Are you looking at the page-fault count and inferring memory pressure from that? You might well find that the underlying Win32/OS file copy is using mapped files/page faults to do its work, and the faults are not a sign of a problem anyway. Much of Window's own file handling is done via page faults (e.g. 'loading' executable code) - they're not a bad thing per se.

If you are suffering from memory pressure, then I would surmise that it's more likely to be caused by creating a huge number of threads (which are very expensive), rather than by the file copying.

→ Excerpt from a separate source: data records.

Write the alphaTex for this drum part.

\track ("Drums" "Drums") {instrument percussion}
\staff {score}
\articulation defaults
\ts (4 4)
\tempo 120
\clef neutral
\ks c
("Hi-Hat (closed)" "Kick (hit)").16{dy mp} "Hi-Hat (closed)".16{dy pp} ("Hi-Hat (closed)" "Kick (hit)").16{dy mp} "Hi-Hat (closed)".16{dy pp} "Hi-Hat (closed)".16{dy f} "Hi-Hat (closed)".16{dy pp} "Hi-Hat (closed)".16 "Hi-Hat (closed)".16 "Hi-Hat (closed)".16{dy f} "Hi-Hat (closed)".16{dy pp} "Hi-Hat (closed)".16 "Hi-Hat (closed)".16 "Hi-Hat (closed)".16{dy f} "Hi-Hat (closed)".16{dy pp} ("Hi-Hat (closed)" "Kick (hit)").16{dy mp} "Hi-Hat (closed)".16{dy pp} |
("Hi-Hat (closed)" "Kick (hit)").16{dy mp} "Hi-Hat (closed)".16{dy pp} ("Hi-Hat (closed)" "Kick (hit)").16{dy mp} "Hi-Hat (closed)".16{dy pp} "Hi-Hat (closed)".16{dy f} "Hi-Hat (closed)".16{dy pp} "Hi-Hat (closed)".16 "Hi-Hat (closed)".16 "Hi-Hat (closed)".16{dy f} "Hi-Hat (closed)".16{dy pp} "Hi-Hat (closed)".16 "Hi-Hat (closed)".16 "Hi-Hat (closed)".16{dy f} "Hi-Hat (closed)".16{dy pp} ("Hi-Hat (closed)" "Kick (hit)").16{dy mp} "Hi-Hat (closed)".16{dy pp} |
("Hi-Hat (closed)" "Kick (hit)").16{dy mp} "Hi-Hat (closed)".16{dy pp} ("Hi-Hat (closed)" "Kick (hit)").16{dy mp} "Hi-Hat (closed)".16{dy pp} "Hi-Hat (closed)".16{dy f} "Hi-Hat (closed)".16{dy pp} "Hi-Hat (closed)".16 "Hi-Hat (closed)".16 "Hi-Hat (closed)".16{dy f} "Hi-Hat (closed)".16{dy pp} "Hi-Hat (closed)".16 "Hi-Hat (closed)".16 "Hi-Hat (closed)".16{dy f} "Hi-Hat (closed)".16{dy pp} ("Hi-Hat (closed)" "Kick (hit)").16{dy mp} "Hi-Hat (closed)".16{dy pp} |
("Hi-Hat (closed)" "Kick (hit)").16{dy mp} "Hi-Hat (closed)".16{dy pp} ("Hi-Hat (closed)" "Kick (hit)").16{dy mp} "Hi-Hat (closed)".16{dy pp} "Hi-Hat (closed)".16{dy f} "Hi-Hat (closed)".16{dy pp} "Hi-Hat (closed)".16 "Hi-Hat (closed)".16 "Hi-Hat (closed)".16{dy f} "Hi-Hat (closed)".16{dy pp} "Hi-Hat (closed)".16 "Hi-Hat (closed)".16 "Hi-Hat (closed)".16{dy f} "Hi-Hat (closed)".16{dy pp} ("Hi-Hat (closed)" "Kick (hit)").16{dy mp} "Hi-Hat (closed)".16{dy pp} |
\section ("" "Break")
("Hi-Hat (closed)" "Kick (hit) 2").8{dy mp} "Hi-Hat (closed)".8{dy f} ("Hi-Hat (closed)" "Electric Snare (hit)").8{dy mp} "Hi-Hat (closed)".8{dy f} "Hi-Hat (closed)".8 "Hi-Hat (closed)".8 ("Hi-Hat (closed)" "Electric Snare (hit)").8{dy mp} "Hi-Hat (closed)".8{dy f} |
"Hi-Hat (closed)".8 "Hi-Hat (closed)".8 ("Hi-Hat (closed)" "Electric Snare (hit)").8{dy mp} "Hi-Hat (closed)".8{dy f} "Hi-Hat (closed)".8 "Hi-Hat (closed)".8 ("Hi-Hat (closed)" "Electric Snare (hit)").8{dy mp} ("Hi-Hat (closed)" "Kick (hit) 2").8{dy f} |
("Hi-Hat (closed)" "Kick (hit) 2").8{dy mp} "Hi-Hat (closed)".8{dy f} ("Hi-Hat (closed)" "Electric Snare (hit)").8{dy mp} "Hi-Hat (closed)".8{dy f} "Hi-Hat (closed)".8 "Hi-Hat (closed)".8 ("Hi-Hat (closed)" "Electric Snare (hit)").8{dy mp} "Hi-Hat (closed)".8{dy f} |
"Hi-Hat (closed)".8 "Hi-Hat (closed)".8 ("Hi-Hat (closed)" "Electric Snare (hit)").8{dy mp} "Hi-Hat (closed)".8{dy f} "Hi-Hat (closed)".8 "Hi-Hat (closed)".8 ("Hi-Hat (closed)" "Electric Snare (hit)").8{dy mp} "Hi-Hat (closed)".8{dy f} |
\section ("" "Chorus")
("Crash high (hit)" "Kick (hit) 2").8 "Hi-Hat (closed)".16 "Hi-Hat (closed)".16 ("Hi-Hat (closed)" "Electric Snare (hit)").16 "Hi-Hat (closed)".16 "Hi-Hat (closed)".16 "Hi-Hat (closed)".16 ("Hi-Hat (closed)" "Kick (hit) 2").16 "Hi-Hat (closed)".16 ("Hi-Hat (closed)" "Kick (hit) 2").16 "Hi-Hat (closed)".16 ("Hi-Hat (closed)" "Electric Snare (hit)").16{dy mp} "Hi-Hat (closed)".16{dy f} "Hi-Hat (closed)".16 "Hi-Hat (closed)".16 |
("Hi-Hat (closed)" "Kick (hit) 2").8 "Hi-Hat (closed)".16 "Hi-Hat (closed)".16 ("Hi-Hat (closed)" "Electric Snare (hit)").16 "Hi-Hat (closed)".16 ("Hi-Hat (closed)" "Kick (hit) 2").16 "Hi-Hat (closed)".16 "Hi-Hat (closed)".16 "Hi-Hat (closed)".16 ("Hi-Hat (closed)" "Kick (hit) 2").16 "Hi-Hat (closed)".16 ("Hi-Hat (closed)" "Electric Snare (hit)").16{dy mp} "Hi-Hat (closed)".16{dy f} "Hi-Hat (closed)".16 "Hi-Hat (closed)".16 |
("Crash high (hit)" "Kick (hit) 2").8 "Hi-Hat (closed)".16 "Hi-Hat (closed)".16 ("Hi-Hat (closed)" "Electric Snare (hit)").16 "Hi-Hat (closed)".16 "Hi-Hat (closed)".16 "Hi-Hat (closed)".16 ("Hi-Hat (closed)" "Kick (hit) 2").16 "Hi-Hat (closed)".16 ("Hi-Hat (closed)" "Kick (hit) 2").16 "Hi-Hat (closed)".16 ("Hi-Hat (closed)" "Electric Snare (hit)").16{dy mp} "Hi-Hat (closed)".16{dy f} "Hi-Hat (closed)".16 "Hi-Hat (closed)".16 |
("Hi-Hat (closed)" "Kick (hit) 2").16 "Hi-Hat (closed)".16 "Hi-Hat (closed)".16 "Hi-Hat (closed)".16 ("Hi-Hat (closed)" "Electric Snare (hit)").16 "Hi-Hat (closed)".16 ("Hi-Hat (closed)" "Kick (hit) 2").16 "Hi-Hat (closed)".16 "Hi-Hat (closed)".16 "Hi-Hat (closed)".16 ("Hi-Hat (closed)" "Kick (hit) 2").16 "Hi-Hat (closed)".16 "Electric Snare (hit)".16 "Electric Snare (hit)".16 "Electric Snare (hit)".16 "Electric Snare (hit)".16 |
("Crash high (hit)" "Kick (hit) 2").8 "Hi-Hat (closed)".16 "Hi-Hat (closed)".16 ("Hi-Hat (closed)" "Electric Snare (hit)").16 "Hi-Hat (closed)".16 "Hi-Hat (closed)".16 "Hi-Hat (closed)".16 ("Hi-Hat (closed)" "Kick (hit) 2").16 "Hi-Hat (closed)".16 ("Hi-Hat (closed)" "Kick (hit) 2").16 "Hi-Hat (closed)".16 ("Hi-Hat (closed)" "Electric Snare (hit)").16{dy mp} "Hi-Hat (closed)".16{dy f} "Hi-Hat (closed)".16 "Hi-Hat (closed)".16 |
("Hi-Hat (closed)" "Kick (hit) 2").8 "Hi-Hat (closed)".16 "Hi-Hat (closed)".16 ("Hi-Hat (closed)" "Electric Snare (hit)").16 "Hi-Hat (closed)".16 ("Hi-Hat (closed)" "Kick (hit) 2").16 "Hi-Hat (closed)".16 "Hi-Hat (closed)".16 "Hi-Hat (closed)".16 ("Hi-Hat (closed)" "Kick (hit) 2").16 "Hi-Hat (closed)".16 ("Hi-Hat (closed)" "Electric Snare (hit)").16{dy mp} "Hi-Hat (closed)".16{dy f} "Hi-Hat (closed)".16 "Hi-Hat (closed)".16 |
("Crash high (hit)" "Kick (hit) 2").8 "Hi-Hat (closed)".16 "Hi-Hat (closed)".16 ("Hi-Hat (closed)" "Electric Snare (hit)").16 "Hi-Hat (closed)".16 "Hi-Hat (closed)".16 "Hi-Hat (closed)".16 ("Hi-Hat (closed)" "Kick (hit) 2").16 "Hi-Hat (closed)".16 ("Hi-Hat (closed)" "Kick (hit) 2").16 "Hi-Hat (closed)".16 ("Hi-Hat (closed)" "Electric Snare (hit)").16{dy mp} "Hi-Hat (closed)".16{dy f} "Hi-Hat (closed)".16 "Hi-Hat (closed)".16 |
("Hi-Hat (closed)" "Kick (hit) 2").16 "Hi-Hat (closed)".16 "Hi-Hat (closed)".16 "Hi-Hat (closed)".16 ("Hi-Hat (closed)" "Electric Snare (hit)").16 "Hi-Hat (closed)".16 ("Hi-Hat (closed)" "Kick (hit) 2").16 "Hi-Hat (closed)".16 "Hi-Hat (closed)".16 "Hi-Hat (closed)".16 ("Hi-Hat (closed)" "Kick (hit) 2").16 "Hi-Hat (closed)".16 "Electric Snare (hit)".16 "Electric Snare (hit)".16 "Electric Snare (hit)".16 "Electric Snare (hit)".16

Don't change anything without profiling, and if you profile and find the time is spent in framework methods which are merely wrappers on Win32 functions (download the framework source and have a look at how those methods work), then don't waste time on C++.

Will Dean
A: 

So, you're moving files, one at a time, from one subfolder to another subfolder? Wouldn't you be causing lots of disk seeks as the drive head moves back and forth? You might get better performance from reading the files into memory (at least in batches if not all at once), writing them to disk, then deleting the originals from disk.

And if you're doing multiple sets of folders in separate threads, then you're moving the disk head around even more. This is one case where multiple threads isn't doing you a favor (although you might get some benefit if you have a RAID or SAN, etc).

If you were processing the files in some way, then mulptithreading could help if different CPUs could calculate on multiple files at once. But you can't get four CPUs to move one disk head to four different locations at once.